EXERCISE INSTRUCTIONS:
Please transcribe exactly the lines from the line holding "Reply with one" through the end of the data below, and skip any pictures.

PROVIDED MATERIAL:

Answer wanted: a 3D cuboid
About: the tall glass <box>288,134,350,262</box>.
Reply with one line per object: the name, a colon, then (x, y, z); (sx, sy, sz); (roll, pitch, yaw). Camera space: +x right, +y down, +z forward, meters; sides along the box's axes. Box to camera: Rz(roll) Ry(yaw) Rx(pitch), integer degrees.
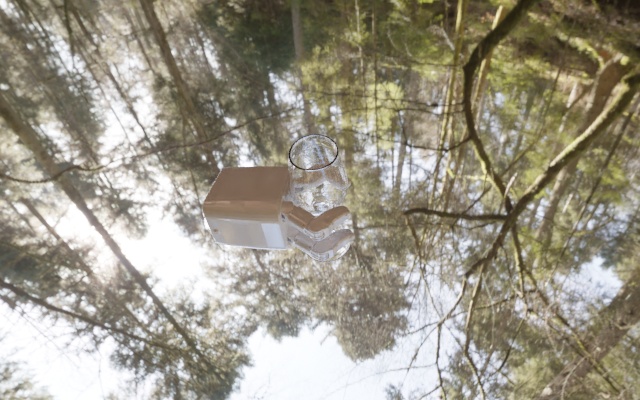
tall glass: (0.000, 0.003, 0.660); (0.079, 0.079, 0.201); (0, -38, 6)

RESULT OF THIS TASK:
Reply with one line per object: the name, a colon, then (x, y, z); (sx, sy, sz); (roll, pitch, yaw). Camera space: +x right, +y down, +z forward, meters; sides along the box's axes. Box to camera: Rz(roll) Ry(yaw) Rx(pitch), integer degrees.
tall glass: (0.000, 0.003, 0.660); (0.079, 0.079, 0.201); (0, -38, 6)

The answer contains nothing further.